Q: A lot of interesting changes have happened over the last ten years - the end of professional competition as we know it, a rise in interest in synchro skating and theatre on ice competitions, a renewed focus on artistic skating through events like Young Artists Showcase and European ice shows... what do you think the sport needs most right now that's NOT happening?

A: What our sport needs now is foundational education. The sport has become more complicated and the rules more confounded… the stakes more dramatic. It is no secret that I am a huge believer in compulsory figures. It is so ironic that as the ISU eliminated compulsory figures as a means to making the sport easier to watch and understand that they took the most "objective" method of adjudication out of the sport. The ISU demands the ability to make the sport more objective and they take away the most easily objectify-able aspect of our sport — the compulsory figures. On top of this they continue to demand more technical difficulty and more use of musical and choreographically complex language. The problem with this is that none of it is possible without the foundational skills from which to expound on these lofty goals. It would be akin to learning to write a novel without knowing the alphabet or studying ballet without knowledge of the "5 Positions"! Isn't it just as ludicrous to attempt a level 4 step sequence and not be able to explain the difference between a three turn and a bracket! Theater on Ice and other creative avenues are fine…but creative depth is very limited without foundational skills from which to prosper from. Think art from Picasso with his knowledge of traditional painting. One can't create deconstruction without first knowing how to construct! So it goes with creative impulse…it gets quite lost without the ability to organize thought and actions through an educated and trained vernacular. Creativity without formal eduction is just hyperbole…the real substance is in training the body and its movements through a manner that takes command and gives credence to artistic intuition. I love all venues for figure skating whether it be amateur competition, professional shows, Theatre on Ice or Synchronized skating. They all desperately need a codified language in order to flourish from the source they express a desire to wander from! I suggest that compulsory figures…thanks to Jackson Haines,  are the most efficient and elegantly formatted source from which to venture into this excellent source of training.

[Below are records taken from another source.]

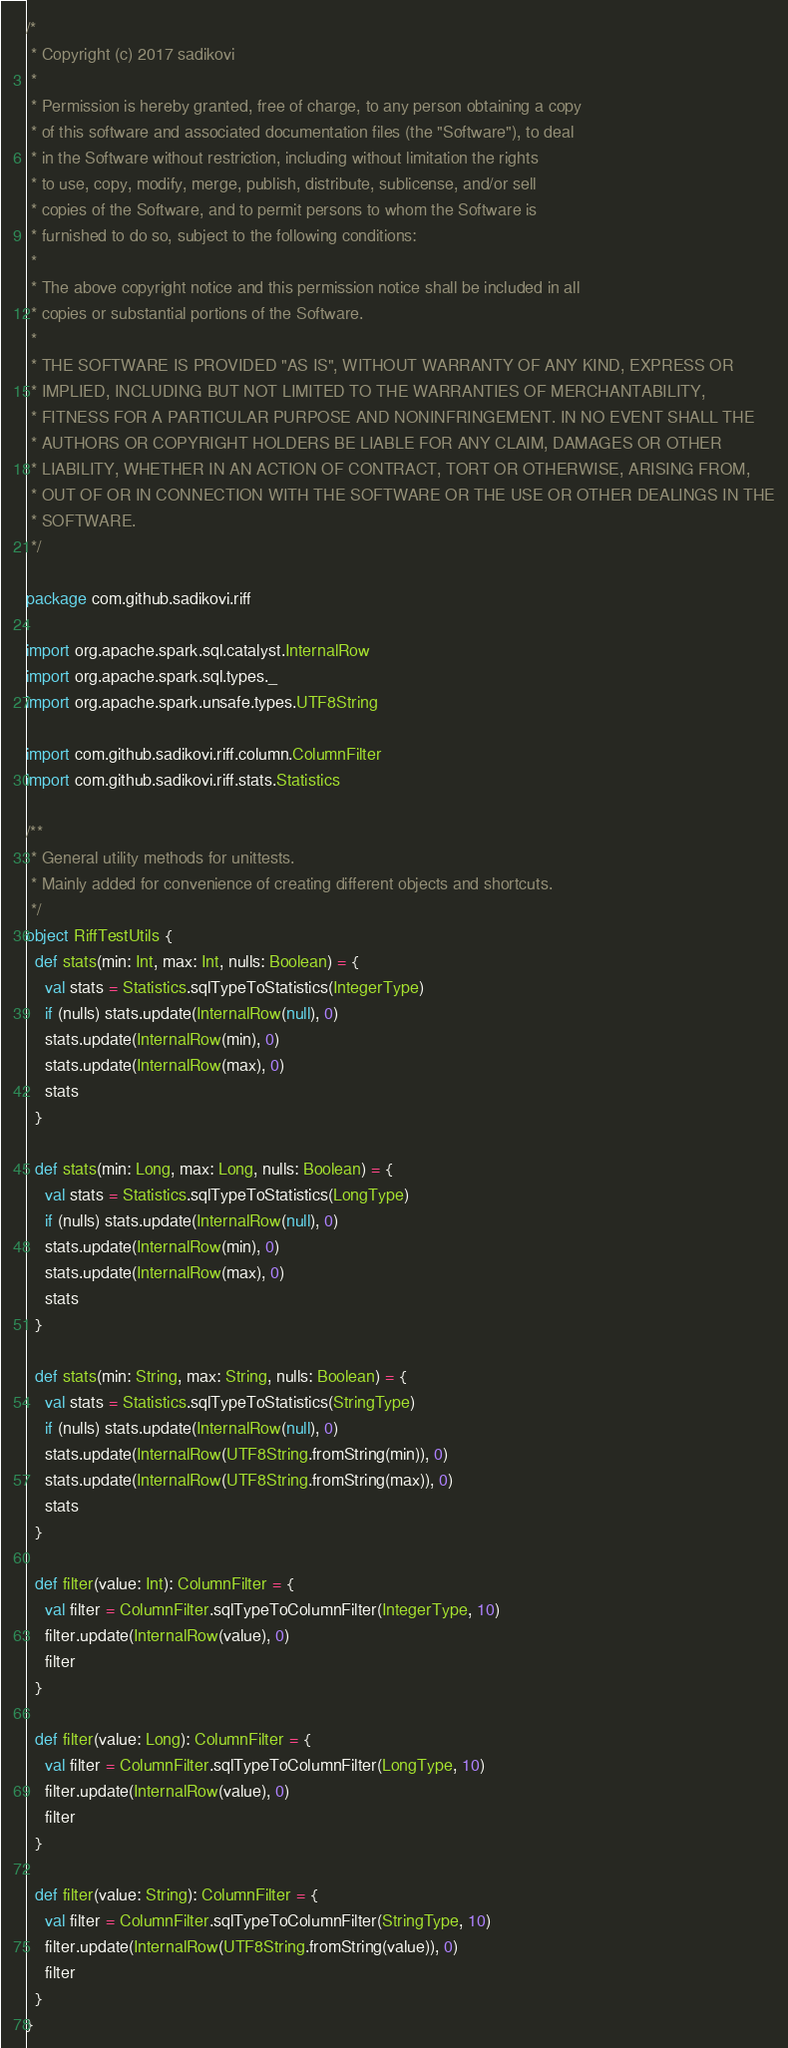Convert code to text. <code><loc_0><loc_0><loc_500><loc_500><_Scala_>/*
 * Copyright (c) 2017 sadikovi
 *
 * Permission is hereby granted, free of charge, to any person obtaining a copy
 * of this software and associated documentation files (the "Software"), to deal
 * in the Software without restriction, including without limitation the rights
 * to use, copy, modify, merge, publish, distribute, sublicense, and/or sell
 * copies of the Software, and to permit persons to whom the Software is
 * furnished to do so, subject to the following conditions:
 *
 * The above copyright notice and this permission notice shall be included in all
 * copies or substantial portions of the Software.
 *
 * THE SOFTWARE IS PROVIDED "AS IS", WITHOUT WARRANTY OF ANY KIND, EXPRESS OR
 * IMPLIED, INCLUDING BUT NOT LIMITED TO THE WARRANTIES OF MERCHANTABILITY,
 * FITNESS FOR A PARTICULAR PURPOSE AND NONINFRINGEMENT. IN NO EVENT SHALL THE
 * AUTHORS OR COPYRIGHT HOLDERS BE LIABLE FOR ANY CLAIM, DAMAGES OR OTHER
 * LIABILITY, WHETHER IN AN ACTION OF CONTRACT, TORT OR OTHERWISE, ARISING FROM,
 * OUT OF OR IN CONNECTION WITH THE SOFTWARE OR THE USE OR OTHER DEALINGS IN THE
 * SOFTWARE.
 */

package com.github.sadikovi.riff

import org.apache.spark.sql.catalyst.InternalRow
import org.apache.spark.sql.types._
import org.apache.spark.unsafe.types.UTF8String

import com.github.sadikovi.riff.column.ColumnFilter
import com.github.sadikovi.riff.stats.Statistics

/**
 * General utility methods for unittests.
 * Mainly added for convenience of creating different objects and shortcuts.
 */
object RiffTestUtils {
  def stats(min: Int, max: Int, nulls: Boolean) = {
    val stats = Statistics.sqlTypeToStatistics(IntegerType)
    if (nulls) stats.update(InternalRow(null), 0)
    stats.update(InternalRow(min), 0)
    stats.update(InternalRow(max), 0)
    stats
  }

  def stats(min: Long, max: Long, nulls: Boolean) = {
    val stats = Statistics.sqlTypeToStatistics(LongType)
    if (nulls) stats.update(InternalRow(null), 0)
    stats.update(InternalRow(min), 0)
    stats.update(InternalRow(max), 0)
    stats
  }

  def stats(min: String, max: String, nulls: Boolean) = {
    val stats = Statistics.sqlTypeToStatistics(StringType)
    if (nulls) stats.update(InternalRow(null), 0)
    stats.update(InternalRow(UTF8String.fromString(min)), 0)
    stats.update(InternalRow(UTF8String.fromString(max)), 0)
    stats
  }

  def filter(value: Int): ColumnFilter = {
    val filter = ColumnFilter.sqlTypeToColumnFilter(IntegerType, 10)
    filter.update(InternalRow(value), 0)
    filter
  }

  def filter(value: Long): ColumnFilter = {
    val filter = ColumnFilter.sqlTypeToColumnFilter(LongType, 10)
    filter.update(InternalRow(value), 0)
    filter
  }

  def filter(value: String): ColumnFilter = {
    val filter = ColumnFilter.sqlTypeToColumnFilter(StringType, 10)
    filter.update(InternalRow(UTF8String.fromString(value)), 0)
    filter
  }
}
</code>

Q: What is one thing about you most people don't know?

A: Sometimes I discover that some people aren't sure whether I am a skater or a dancer. Although this could be complimentary, I also find it frustrating that many newcomers to the sport cant tell by watching a choreographer skate whether they were first a dancer or skater. To the educated eye it should be easy to see a quality of skating that is unmistakable. I was trained primarily as a skater. However, I have been priviledged to work with many great people so that the dance training and the skating are one in the same. I love to tell my clients to dance like a skater and skate like a dancer!  Great skating cant sacrifice one for the other... They must become inseparable! Another thing people may not know about me is that I am a classically  trained musician and have studied the Oboe since I was 11. Music education has played a huge part in my teaching style as well as greatly influencing my sense of musicality as a choreographer. To know how to decipher and conceptualize an otherwise abstract art form like music through the visual imagery of musical notation is a form of literacy I cant imagine working without.

Q: Who is one skater or choreographer's body of work that every skater could benefit from watching and exploring on YouTube?

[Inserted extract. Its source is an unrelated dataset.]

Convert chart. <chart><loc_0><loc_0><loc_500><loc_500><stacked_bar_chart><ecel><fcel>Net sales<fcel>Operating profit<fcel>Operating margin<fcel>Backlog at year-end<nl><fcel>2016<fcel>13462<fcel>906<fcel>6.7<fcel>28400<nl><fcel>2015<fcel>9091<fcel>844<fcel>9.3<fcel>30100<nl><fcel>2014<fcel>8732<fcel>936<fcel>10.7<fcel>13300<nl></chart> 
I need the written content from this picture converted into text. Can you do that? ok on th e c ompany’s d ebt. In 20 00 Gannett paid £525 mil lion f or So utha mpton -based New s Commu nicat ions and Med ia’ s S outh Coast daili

A: If you can search one skater on YouTube, make it Belita Jepson Turner! Belita was a British skater performing in the 1940's. Whats makes Belita such required watching is this very amalgamation of dance and skating. She  mastered both to such an extent that she skated with a fluidity and movement sense that was decades ahead of her time. Her sense of edge control combined with spacial awareness and body line is shocking ....not only when compared to her peers but also compared to contemporary skaters! Every skater, coach and choreographer should watch her performance of "Suspense 1946 Part 2". It is easy to see where John Curry got his inspiration. Notice not just her unbelievable extension but how that extension obeys the laws of edge quality and definition.

Q: Who are your three favourite skaters of all time?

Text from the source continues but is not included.